Q) What is involved in being an art curator?

A) The Delaware Art Museum’s curators care for a 12,000-object collection, preserving it for the enjoyment of future generations. They design and install exhibitions of art and interpret the art to delight and engage present day viewers.

Q) What are some of the challenges of being curator for an exhibit?

A) The current economic climate is certainly the biggest challenge for any non-profit organization; however, the Delaware Art Museum has been lucky to recently receive several generously donated collections. We also are lucky because we have thousands of incredible works of art to share in our permanent collections.

Putting together an exhibition is also a challenge because it’s very time-consuming and detail-oriented. But witnessing an exhibition’s completion always makes any effort or challenge worth it!

Q) The museum has a very large collection of Pre-Raphaelite artworks. What do you think makes the work of the Pre-Raphaelites so notable?

A) The work of the Pre-Raphaelite artists visually captures the time and place in which they lived, allowing present day viewers a unique view into history.
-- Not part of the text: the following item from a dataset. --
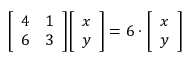Convert formula to latex. <formula><loc_0><loc_0><loc_500><loc_500>{ \left [ \begin{array} { l l } { 4 } & { 1 } \\ { 6 } & { 3 } \end{array} \right ] } { \left [ \begin{array} { l } { x } \\ { y } \end{array} \right ] } = 6 \cdot { \left [ \begin{array} { l } { x } \\ { y } \end{array} \right ] }</formula> 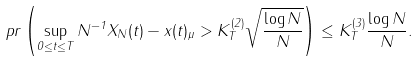Convert formula to latex. <formula><loc_0><loc_0><loc_500><loc_500>\ p r \left ( \sup _ { 0 \leq t \leq T } \| N ^ { - 1 } X _ { N } ( t ) - x ( t ) \| _ { \mu } > K _ { T } ^ { ( 2 ) } \sqrt { \frac { \log N } { N } } \right ) \leq K ^ { ( 3 ) } _ { T } \frac { \log N } { N } .</formula>

This specific collection also reflects the passion of Samuel Bancroft, a local businessman whose unusual passion for this group of artists is an important part of our community history.

Q) What do you think makes the Delaware Art Museum unique?

A) The diverse collections of the Delaware Art Museum reflect the unique characteristics of the community in which we live. Where else in the world can you find comprehensive collections of Pre-Raphaelite art, American illustration and the work of John Sloan and The Eight?